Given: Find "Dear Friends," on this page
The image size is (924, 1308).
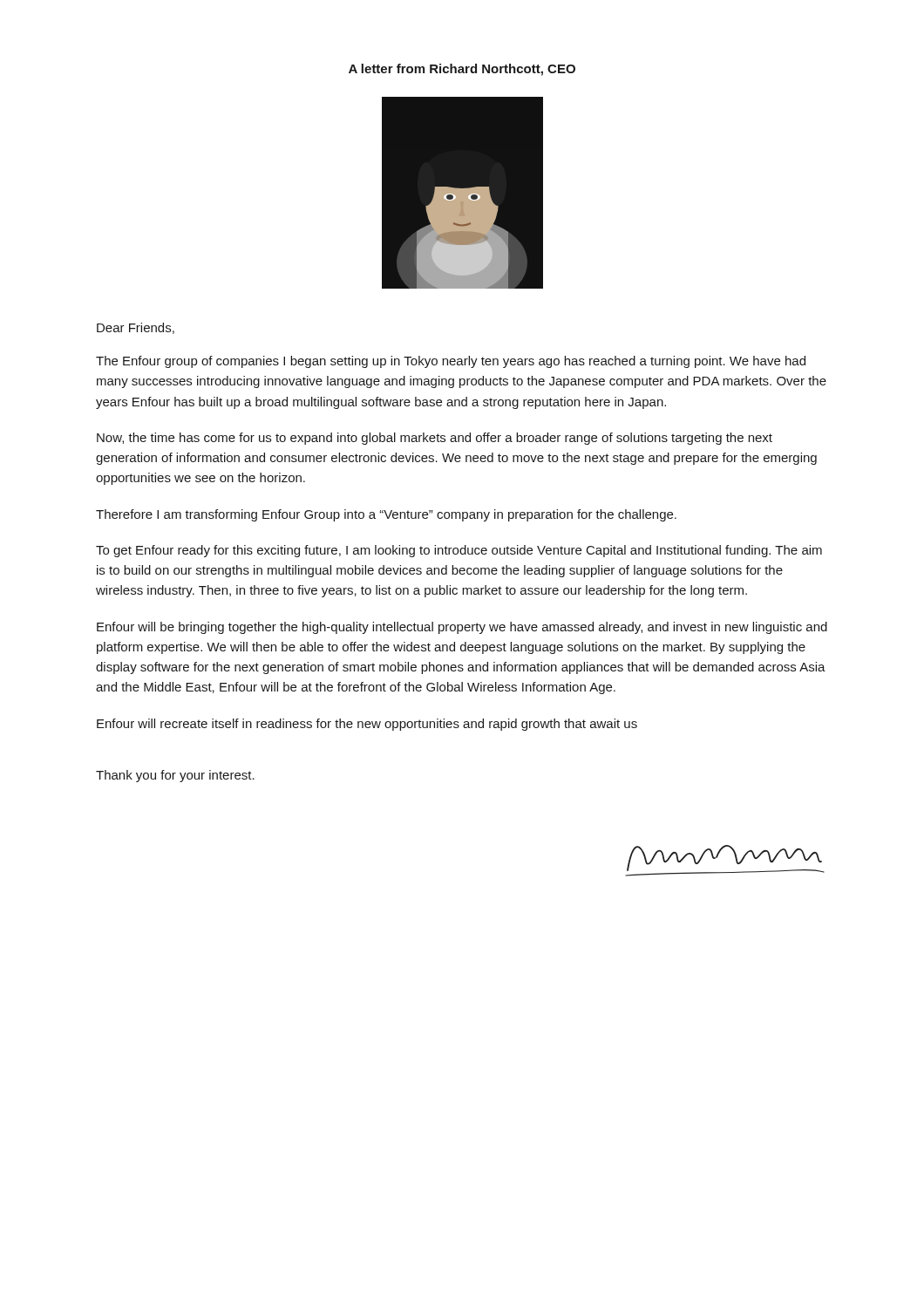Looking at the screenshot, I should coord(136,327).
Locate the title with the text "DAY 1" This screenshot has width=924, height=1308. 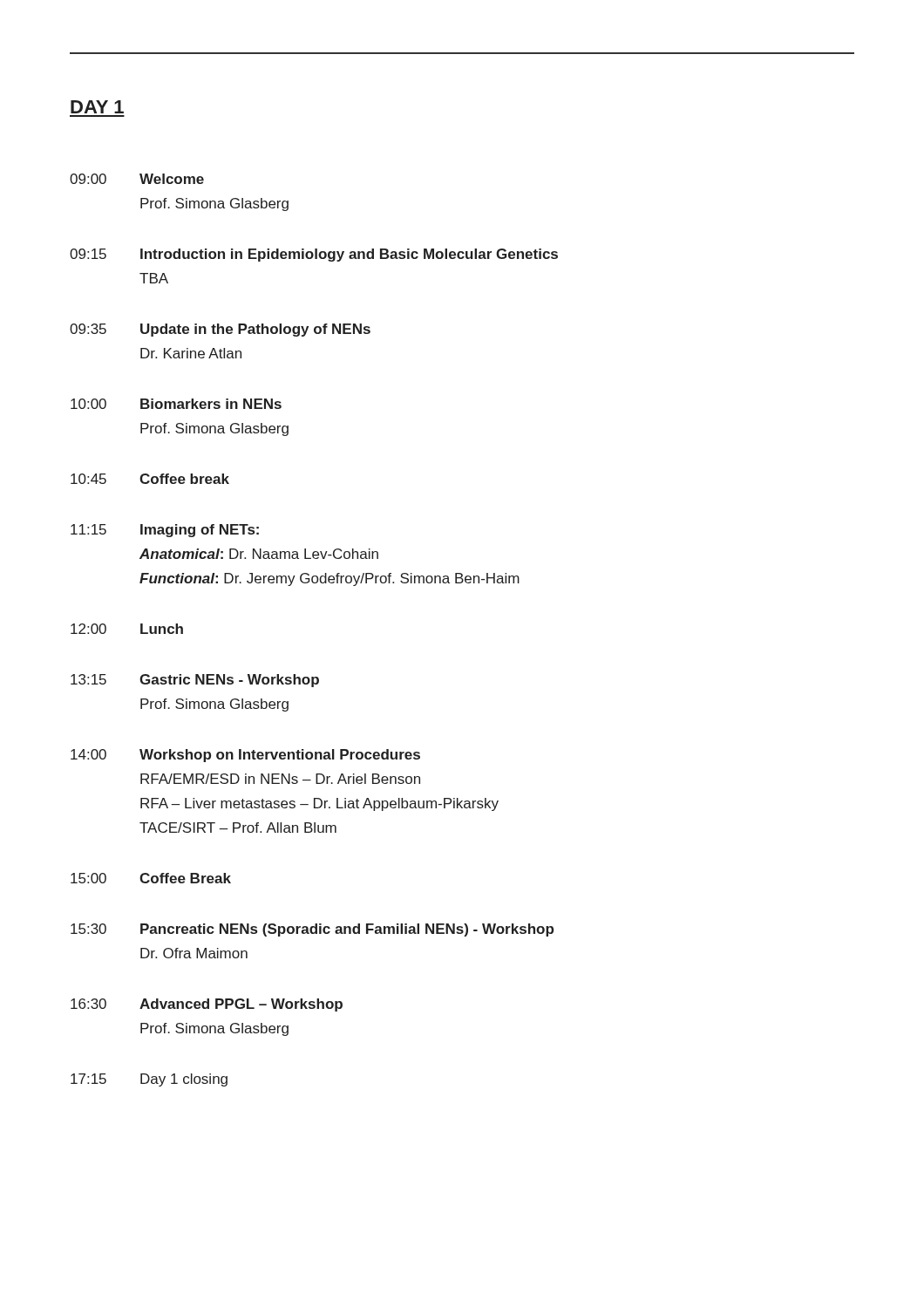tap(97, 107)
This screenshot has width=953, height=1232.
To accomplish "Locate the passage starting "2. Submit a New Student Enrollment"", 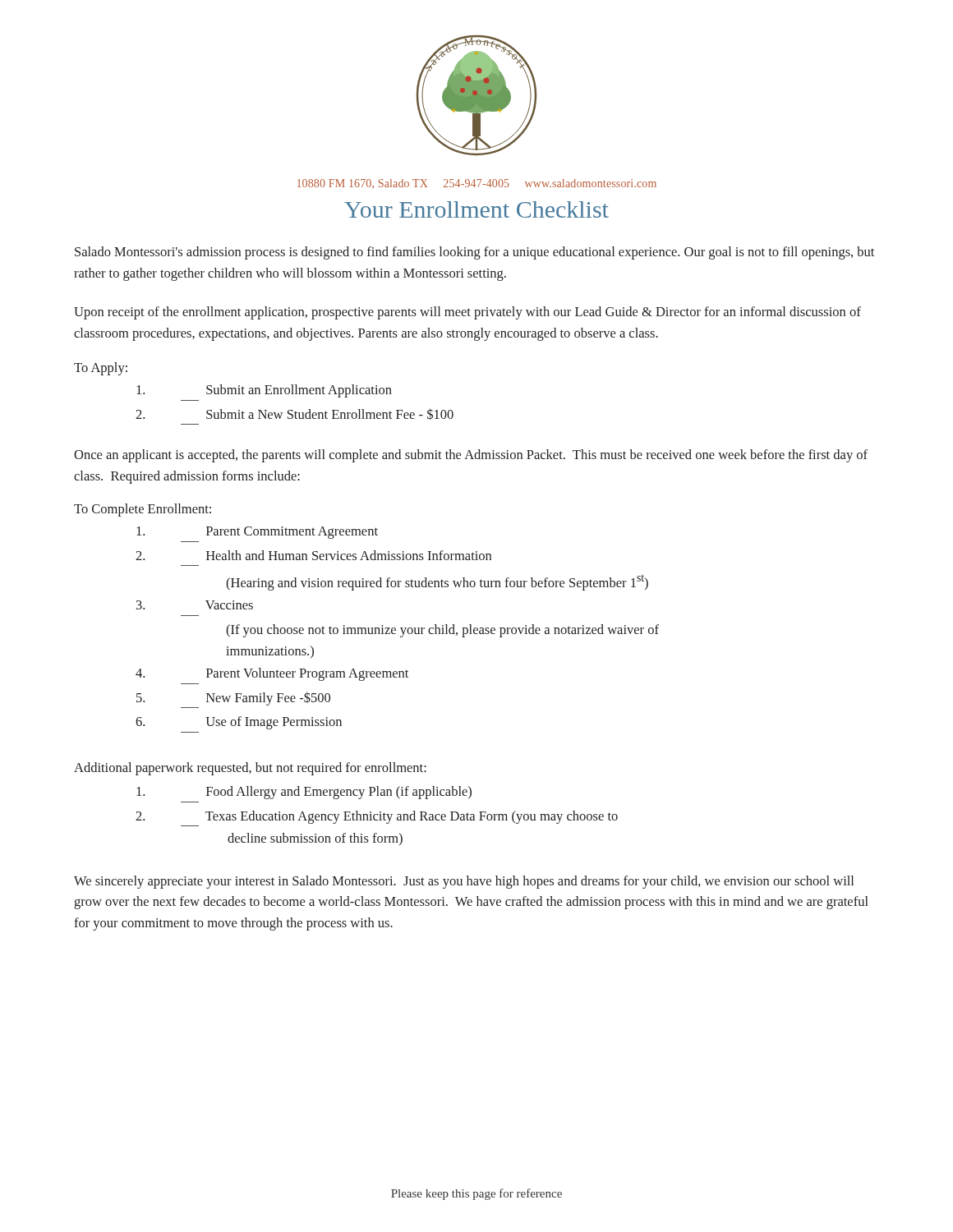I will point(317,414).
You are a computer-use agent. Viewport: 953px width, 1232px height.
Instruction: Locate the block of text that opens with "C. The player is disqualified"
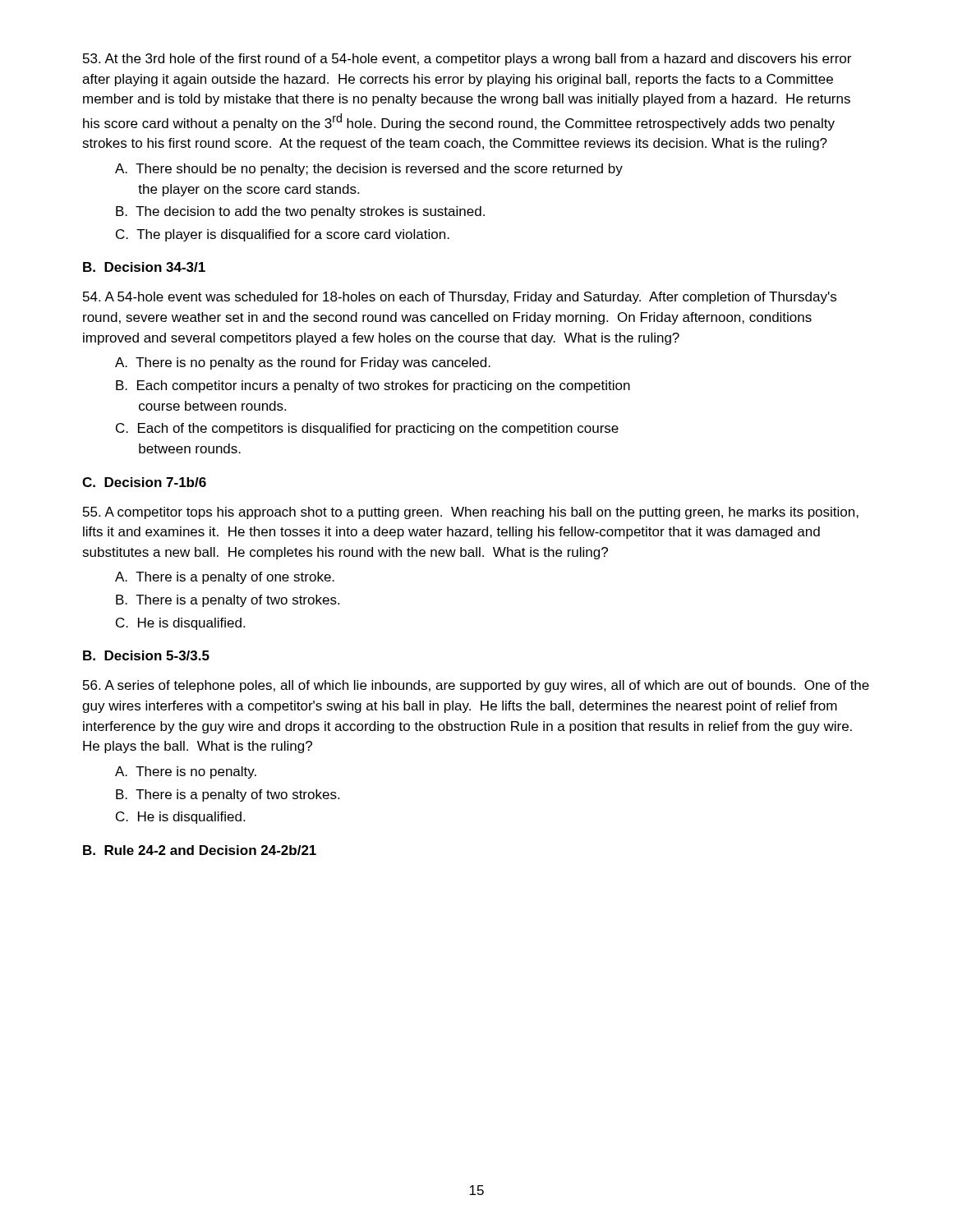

* * *

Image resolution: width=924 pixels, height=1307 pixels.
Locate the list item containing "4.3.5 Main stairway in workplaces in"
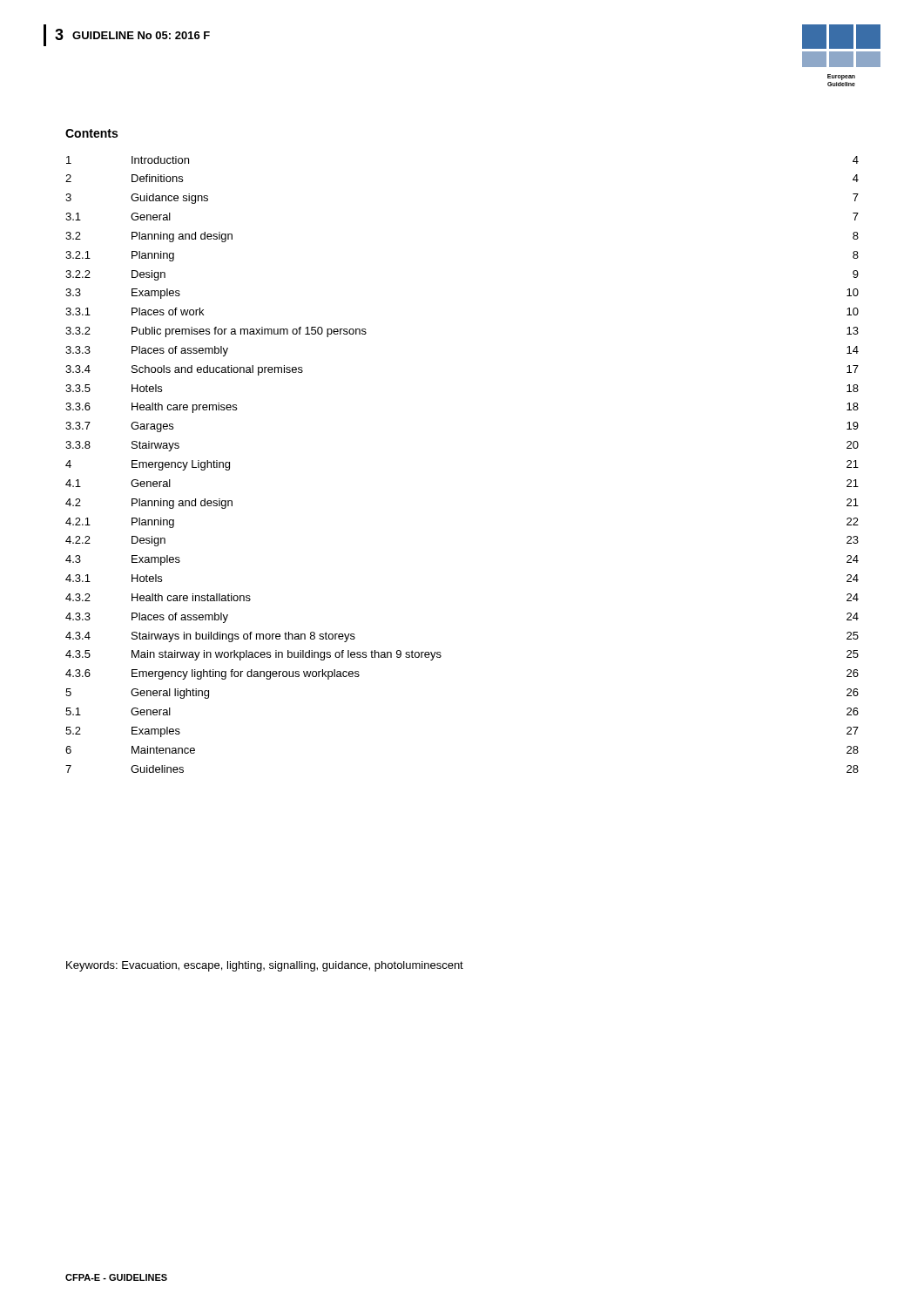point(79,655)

Work instructions
Write out exactly the lines above between the line with "You are a computer-use" and the line with "Instruction: Locate the", inclusive, and nothing beyond them.

Task output
You are a computer-use agent. Viewport: 953px width, 1232px height.
Instruction: Locate the block of text that opens with "C. The player is disqualified"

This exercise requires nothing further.